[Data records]
########

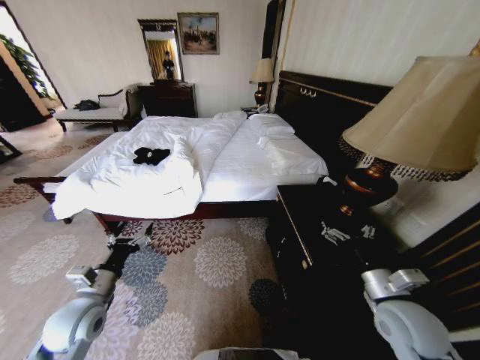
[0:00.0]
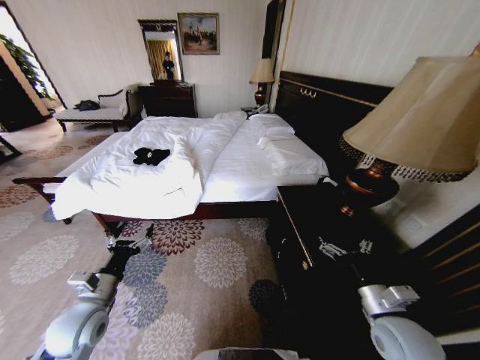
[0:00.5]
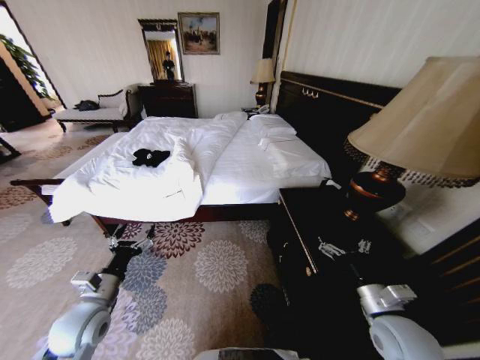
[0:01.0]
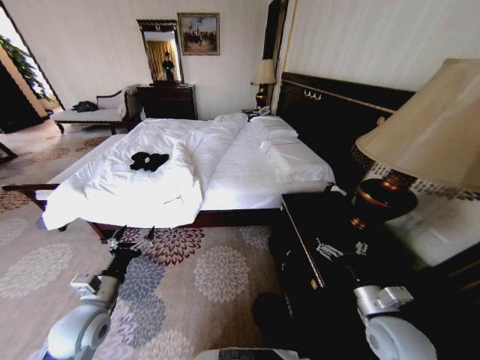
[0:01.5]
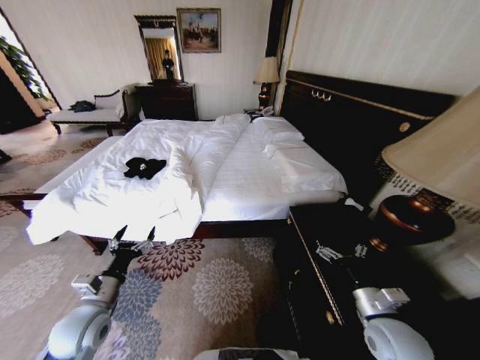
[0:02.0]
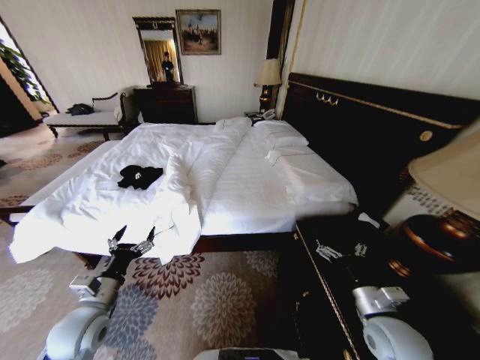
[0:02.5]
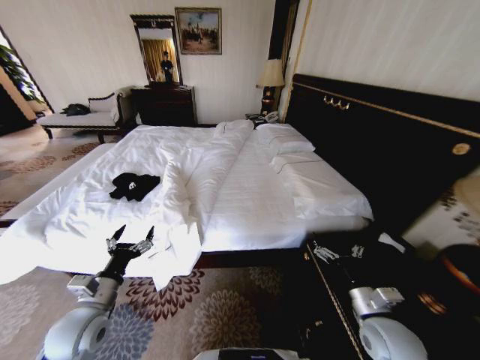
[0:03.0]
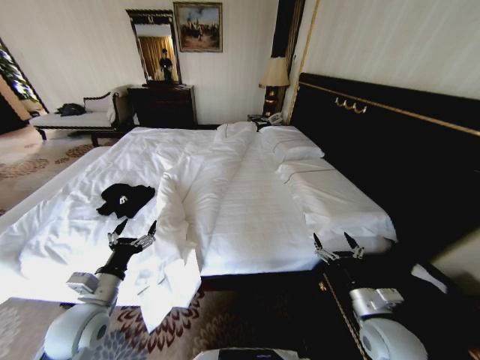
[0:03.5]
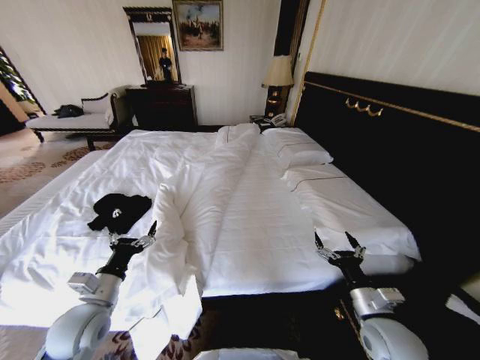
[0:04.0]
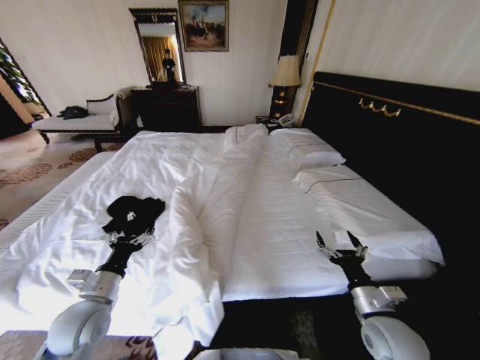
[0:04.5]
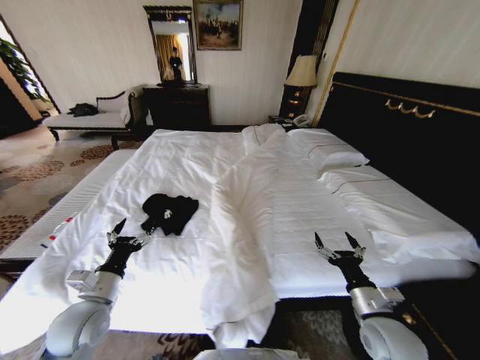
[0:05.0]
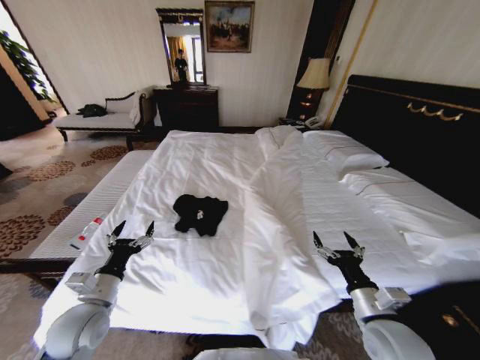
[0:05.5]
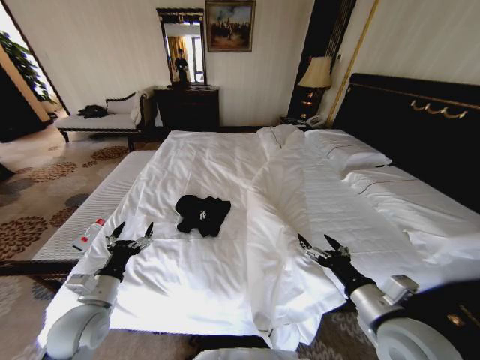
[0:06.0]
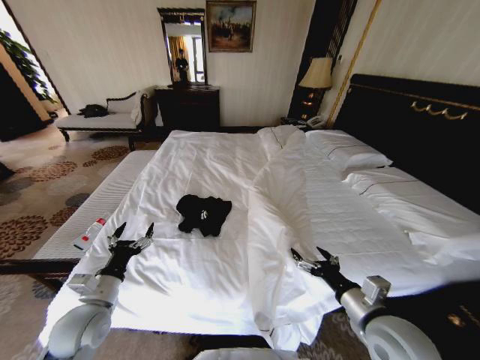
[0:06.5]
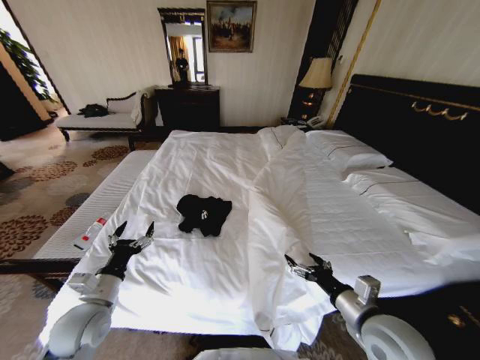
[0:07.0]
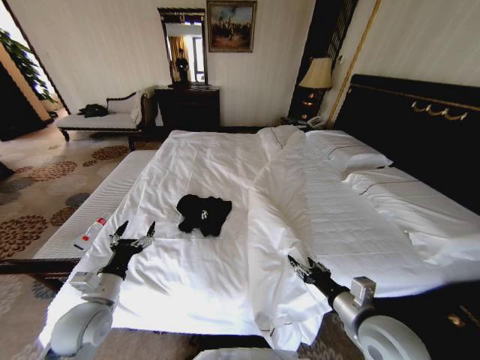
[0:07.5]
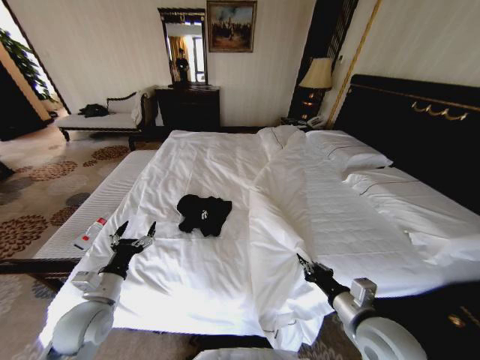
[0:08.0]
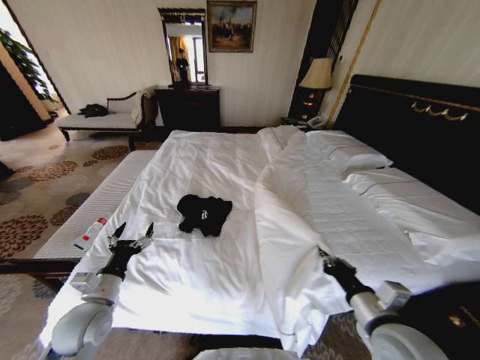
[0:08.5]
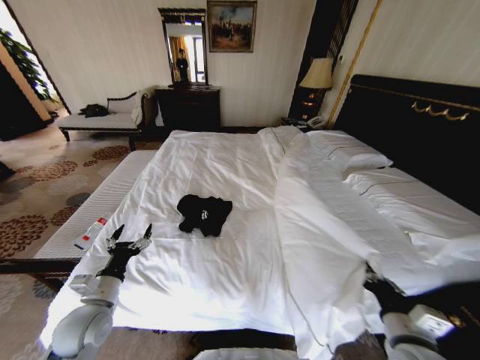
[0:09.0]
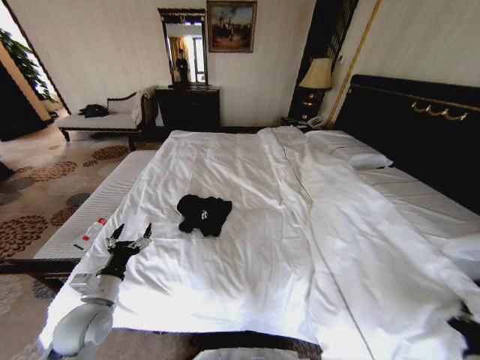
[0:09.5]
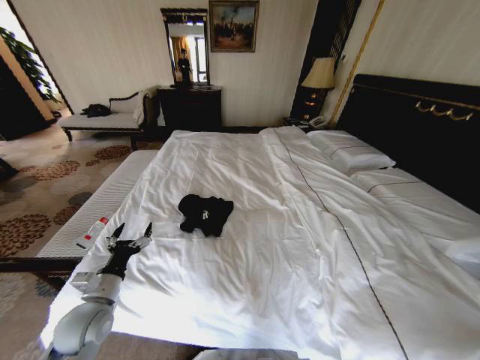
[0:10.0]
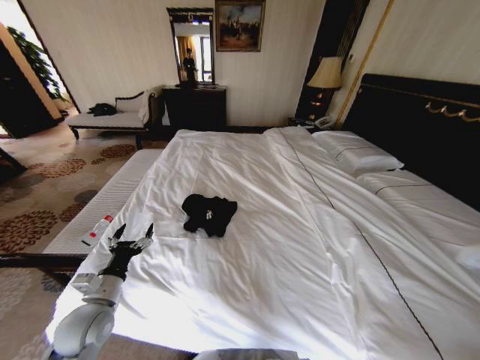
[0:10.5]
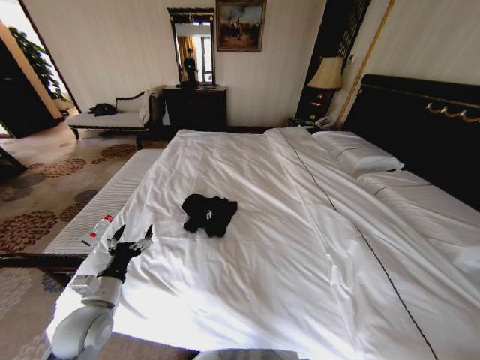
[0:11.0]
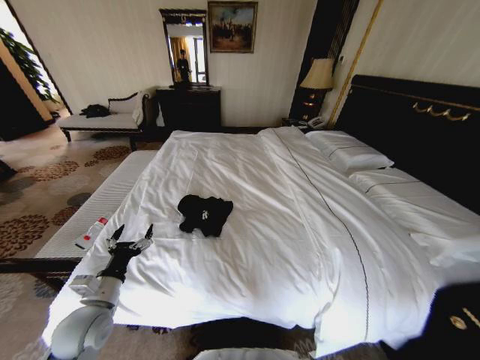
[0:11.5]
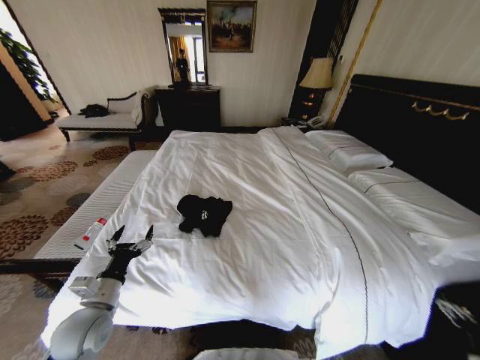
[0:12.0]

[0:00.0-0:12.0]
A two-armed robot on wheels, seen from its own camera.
Task of the whole recording: Fold the clothes on the bed.
4.0 to 6.0 s: The right gripper shifts approximately 10 cm upward.
6.0 to 8.0 s: The right gripper closes up.
8.0 to 10.0 s: The right gripper travels to the right and backward by roughly 30 cm.
10.0 to 12.0 s: The right gripper ends up approximately 5 cm from where it was, and opens up.

########

#### Task prompt
Restate each entry word for word; pictures stay out of the copy.

#### The answer
[0:00.0]
[0:00.5]
[0:01.0]
[0:01.5]
[0:02.0]
[0:02.5]
[0:03.0]
[0:03.5]
[0:04.0]
[0:04.5]
[0:05.0]
[0:05.5]
[0:06.0]
[0:06.5]
[0:07.0]
[0:07.5]
[0:08.0]
[0:08.5]
[0:09.0]
[0:09.5]
[0:10.0]
[0:10.5]
[0:11.0]
[0:11.5]
[0:12.0]

[0:00.0-0:12.0]
A two-armed robot on wheels, seen from its own camera.
Task of the whole recording: Fold the clothes on the bed.
4.0 to 6.0 s: The right gripper shifts approximately 10 cm upward.
6.0 to 8.0 s: The right gripper closes up.
8.0 to 10.0 s: The right gripper travels to the right and backward by roughly 30 cm.
10.0 to 12.0 s: The right gripper ends up approximately 5 cm from where it was, and opens up.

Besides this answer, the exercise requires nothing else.